The coronavirus has shone a light on the biotechnology industry. But can biotech firms strike the decisive blow against the pandemic?
Drawing on an impressive arsenal of new technologies and data, the biotech industry is in the frontline in the battle against the coronavirus.
A vaccine would of course be the clearest route to victory. And here, there is some hope. Perhaps the most promising avenue for research is mRNA, in which the body is essentially used as a “bioreactor” to produce a vaccine. Under the process, cells are given the molecular template (messenger RNA) needed to build viral proteins. These proteins then serve as the trigger for the production of antibodies.
While mRNA is incredibly clever, it is also completely untested. The first hurdle is to create an antibody response that is powerful enough. This is what is currently being examined in a phase one study, which alone will take one year. More traditional vaccines may be developed more quickly, but even these could take at least 12 months.
Different vaccine approaches
|Type of vaccine approach||How it works||
|Full inactivated virus||Virus is inactivated with treatments like formaldehyde, then injected||Sinopharm|
|Viral proteins||Spike protein + adjuvant (immune system booster) are injected directly||Novavax, Sichuan Clover Biopharmaceuticals, Dynavax, many others|
|DNA-RNA vaccines||A construction plan for the spike protein is injected inside little lipid particles||Moderna, CureVac, BioNTech (mRNA); Inovio Pharmaceuticals, others (DNA)|
|Viral vector vaccines||A different virus that doesn’t cause disease is used as delivery system for construction plan for the spike protein JnJ, Institute Pasteur||JnJ, Institute Pasteur|
A faster, if smaller scale, solution could come from therapeutics. Several biotechnology companies are working on creating lab-grown antibodies against the coronavirus. These antibodies are designed to be neutralisers, sticking to the surface of the virus like Velcro so that it cannot bind to cells and spread through the body. Once developed, these could then be given prophylactically to those most at risk. They could even be used to treat patients with the disease.
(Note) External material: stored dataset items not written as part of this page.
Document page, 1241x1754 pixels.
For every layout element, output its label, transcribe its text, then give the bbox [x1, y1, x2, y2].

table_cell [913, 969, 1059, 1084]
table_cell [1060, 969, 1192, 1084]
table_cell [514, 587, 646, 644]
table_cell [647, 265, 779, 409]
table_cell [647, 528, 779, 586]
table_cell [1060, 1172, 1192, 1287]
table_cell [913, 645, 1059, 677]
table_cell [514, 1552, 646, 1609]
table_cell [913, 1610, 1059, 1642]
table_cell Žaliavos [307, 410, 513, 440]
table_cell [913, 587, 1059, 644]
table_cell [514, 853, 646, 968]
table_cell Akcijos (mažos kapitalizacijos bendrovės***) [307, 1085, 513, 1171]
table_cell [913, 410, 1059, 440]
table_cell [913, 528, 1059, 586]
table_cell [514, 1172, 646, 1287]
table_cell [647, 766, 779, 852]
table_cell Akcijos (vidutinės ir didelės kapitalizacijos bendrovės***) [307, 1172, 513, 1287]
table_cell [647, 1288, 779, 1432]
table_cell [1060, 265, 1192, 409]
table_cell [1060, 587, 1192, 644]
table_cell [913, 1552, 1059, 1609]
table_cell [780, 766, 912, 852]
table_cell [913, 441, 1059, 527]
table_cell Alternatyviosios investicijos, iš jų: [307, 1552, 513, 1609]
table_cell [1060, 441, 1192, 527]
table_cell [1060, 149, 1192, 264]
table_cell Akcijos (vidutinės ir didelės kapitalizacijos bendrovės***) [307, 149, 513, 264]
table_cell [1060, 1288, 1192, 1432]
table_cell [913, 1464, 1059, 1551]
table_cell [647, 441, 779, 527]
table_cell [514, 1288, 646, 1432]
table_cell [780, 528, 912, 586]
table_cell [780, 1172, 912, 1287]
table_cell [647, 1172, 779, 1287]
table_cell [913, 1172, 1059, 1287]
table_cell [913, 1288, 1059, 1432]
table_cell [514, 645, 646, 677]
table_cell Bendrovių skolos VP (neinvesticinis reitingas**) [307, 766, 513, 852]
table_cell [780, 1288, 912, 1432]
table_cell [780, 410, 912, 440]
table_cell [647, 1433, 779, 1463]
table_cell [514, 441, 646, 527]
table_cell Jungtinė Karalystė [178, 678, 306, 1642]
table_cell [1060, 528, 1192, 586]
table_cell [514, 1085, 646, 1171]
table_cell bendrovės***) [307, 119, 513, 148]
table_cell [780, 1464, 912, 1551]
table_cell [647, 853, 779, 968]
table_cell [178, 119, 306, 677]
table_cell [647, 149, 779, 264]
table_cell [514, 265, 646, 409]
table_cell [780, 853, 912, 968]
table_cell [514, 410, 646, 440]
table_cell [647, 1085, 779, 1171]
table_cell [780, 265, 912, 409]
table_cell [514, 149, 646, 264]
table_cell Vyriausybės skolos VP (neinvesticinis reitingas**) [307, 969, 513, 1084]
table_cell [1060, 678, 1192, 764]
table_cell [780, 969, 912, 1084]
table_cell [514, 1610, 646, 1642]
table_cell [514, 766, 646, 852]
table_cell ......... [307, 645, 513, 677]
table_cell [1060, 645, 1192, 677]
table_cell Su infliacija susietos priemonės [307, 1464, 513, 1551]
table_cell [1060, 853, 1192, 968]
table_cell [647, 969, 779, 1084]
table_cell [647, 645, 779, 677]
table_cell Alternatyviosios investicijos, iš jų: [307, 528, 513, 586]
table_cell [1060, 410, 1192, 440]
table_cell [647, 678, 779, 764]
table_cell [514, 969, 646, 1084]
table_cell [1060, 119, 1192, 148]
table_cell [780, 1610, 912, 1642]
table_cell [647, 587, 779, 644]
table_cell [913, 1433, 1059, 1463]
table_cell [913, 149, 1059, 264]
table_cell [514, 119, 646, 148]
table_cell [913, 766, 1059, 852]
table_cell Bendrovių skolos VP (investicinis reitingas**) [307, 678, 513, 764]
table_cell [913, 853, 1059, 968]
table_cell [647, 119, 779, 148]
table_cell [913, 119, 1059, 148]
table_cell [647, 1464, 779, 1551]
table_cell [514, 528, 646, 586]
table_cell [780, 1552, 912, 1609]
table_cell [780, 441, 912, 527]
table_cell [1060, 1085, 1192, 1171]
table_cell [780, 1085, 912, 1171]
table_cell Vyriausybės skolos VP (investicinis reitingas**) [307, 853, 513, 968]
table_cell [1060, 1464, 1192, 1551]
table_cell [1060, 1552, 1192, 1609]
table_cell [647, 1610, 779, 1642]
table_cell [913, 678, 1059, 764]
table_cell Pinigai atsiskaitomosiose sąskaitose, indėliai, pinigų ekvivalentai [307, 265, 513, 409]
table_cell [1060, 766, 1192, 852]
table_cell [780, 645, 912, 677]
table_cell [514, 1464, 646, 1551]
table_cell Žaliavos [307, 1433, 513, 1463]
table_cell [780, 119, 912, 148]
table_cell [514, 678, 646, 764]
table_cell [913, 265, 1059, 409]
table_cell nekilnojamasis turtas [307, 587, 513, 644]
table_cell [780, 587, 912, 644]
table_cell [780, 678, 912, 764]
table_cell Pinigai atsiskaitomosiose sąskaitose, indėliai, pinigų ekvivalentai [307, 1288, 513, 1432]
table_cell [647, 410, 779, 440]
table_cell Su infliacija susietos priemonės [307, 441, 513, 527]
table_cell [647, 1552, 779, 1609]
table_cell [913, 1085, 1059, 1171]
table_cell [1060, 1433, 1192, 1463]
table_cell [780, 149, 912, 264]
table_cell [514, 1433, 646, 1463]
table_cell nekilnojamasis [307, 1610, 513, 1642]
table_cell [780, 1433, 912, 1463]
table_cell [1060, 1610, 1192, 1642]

An alternative to creating antibodies is to harvest them from the blood plasma of people who have recovered from the coronavirus – a practice that met with some success during the SARS epidemic.
Targeting the virus and its consequences
Concurrently, scientists are developing or adapting a range of drugs to fight the pandemic. The immediate priority is antivirals, which stop or slow the replication of the virus in the body. One of the most advanced – in terms of development – is Gilead Science Inc’s Remdesivir* – an intravenous drug originally intended to combat Ebola, but which is now being trialled in early treatment of the coronavirus, with clinical test results due this month.
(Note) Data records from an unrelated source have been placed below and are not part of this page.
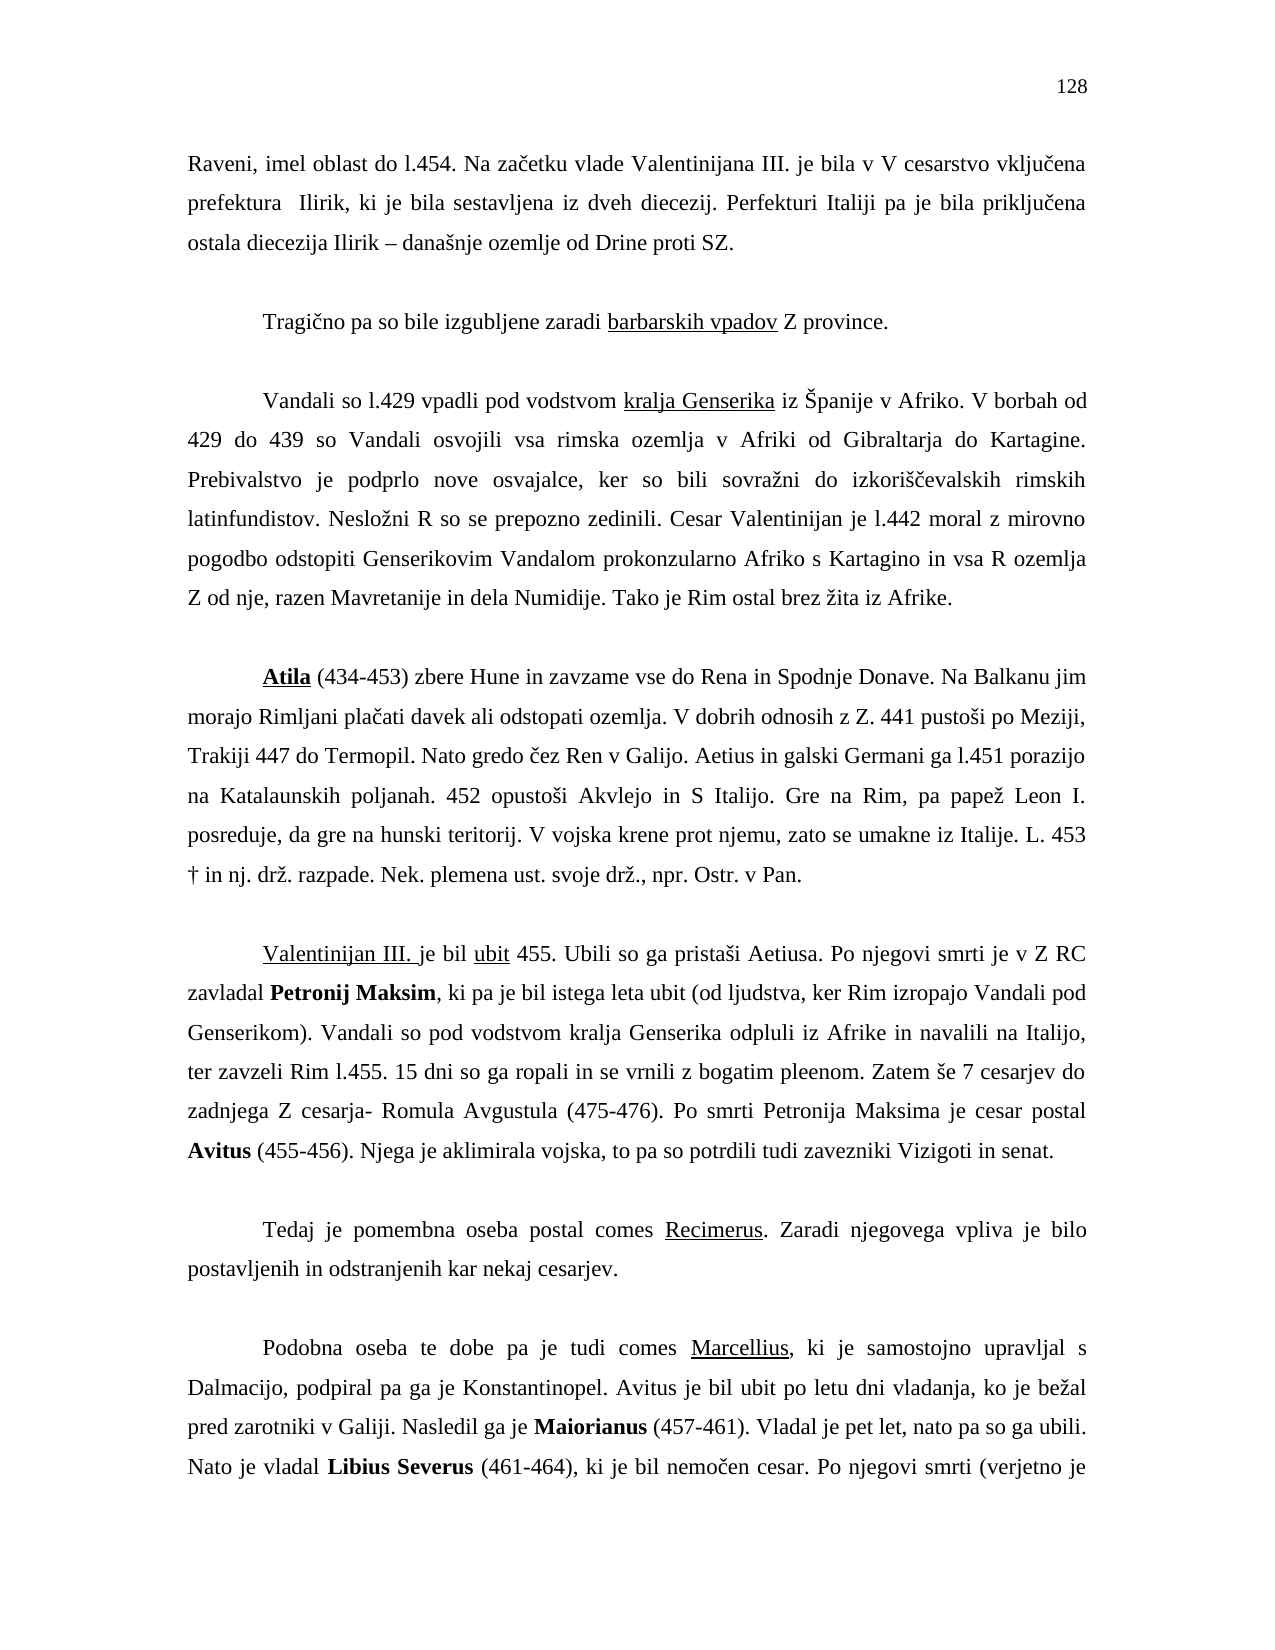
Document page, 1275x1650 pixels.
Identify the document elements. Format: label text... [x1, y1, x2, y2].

text Vandali so l.429 vpadli pod vodstvom kralja Genserika iz Španije v Afriko. V borbah od 429 do 439 so Vandali osvojili vsa rimska ozemlja v Afriki od Gibraltarja do Kartagine. Prebivalstvo je podprlo nove osvajalce, ker so bili sovražni do izkoriščevalskih rimskih latinfundistov. Nesložni R so se prepozno zedinili. Cesar Valentinijan je l.442 moral z mirovno pogodbo odstopiti Genserikovim Vandalom prokonzularno Afriko s Kartagino in vsa R ozemlja Z od nje, razen Mavretanije in dela Numidije. Tako je Rim ostal brez žita iz Afrike. [187, 387, 1087, 611]
text Podobna oseba te dobe pa je tudi comes Marcellius, ki je samostojno upravljal s Dalmacijo, podpiral pa ga je Konstantinopel. Avitus je bil ubit po letu dni vladanja, ko je bežal pred zarotniki v Galiji. Nasledil ga je Maiorianus (457-461). Vladal je pet let, nato pa so ga ubili. Nato je vladal Libius Severus (461-464), ki je bil nemočen cesar. Po njegovi smrti (verjetno je [187, 1334, 1087, 1479]
text Raveni, imel oblast do l.454. Na začetku vlade Valentinijana III. je bila v V cesarstvo vključena prefektura Ilirik, ki je bila sestavljena iz dveh diecezij. Perfekturi Italiji pa je bila priključena ostala diecezija Ilirik – današnje ozemlje od Drine proti SZ. [187, 150, 1087, 255]
text Atila (434-453) zbere Hune in zavzame vse do Rena in Spodnje Donave. Na Balkanu jim morajo Rimljani plačati davek ali odstopati ozemlja. V dobrih odnosih z Z. 441 pustoši po Meziji, Trakiji 447 do Termopil. Nato gredo čez Ren v Galijo. Aetius in galski Germani ga l.451 porazijo na Katalaunskih poljanah. 452 opustoši Akvlejo in S Italijo. Gre na Rim, pa papež Leon I. posreduje, da gre na hunski teritorij. V vojska krene prot njemu, zato se umakne iz Italije. L. 453 † in nj. drž. razpade. Nek. plemena ust. svoje drž., npr. Ostr. v Pan. [187, 663, 1087, 887]
text Tedaj je pomembna oseba postal comes Recimerus. Zaradi njegovega vpliva je bilo postavljenih in odstranjenih kar nekaj cesarjev. [187, 1216, 1087, 1282]
text Tragično pa so bile izgubljene zaradi barbarskih vpadov Z province. [187, 308, 1087, 334]
text Valentinijan III. je bil ubit 455. Ubili so ga pristaši Aetiusa. Po njegovi smrti je v Z RC zavladal Petronij Maksim, ki pa je bil istega leta ubit (od ljudstva, ker Rim izropajo Vandali pod Genserikom). Vandali so pod vodstvom kralja Genserika odpluli iz Afrike in navalili na Italijo, ter zavzeli Rim l.455. 15 dni so ga ropali in se vrnili z bogatim pleenom. Zatem še 7 cesarjev do zadnjega Z cesarja- Romula Avgustula (475-476). Po smrti Petronija Maksima je cesar postal Avitus (455-456). Njega je aklimirala vojska, to pa so potrdili tudi zavezniki Vizigoti in senat. [187, 939, 1087, 1163]

Tackling some of the more serious complications that occur during the later stages of the virus infection is another area of research.
If the disease is not caught early, or effectively fought off, the immune system can go into overdrive and start attacking the body. Suppressing this immune overreaction – by blocking the so-called IL-6 receptor – is the focus of drugs for treatment of the later stages of the disease, such as Regeneron Pharmaceuticals’ Kevzara.*
Risks and opportunities
All this is not to say the biotech industry can work at full capacity. It too is affected by efforts aimed at containing the pandemic. Conducting human clinical trials is much harder due to lockdowns, so many of these have been delayed. The commercialisation of new drugs has also slowed, as traditional face-to-face marketing is no longer possible. Production, meanwhile, is affected by the shuttering of factories and shortages of raw materials – some of the major manufacturing sites for ibuprofen, for example, are located in China’s Hubei province and Italy’s Lombardy region. Furthermore, the strain in financial markets will make it harder to raise new capital, which is particularly pertinent for younger, less established biotech companies.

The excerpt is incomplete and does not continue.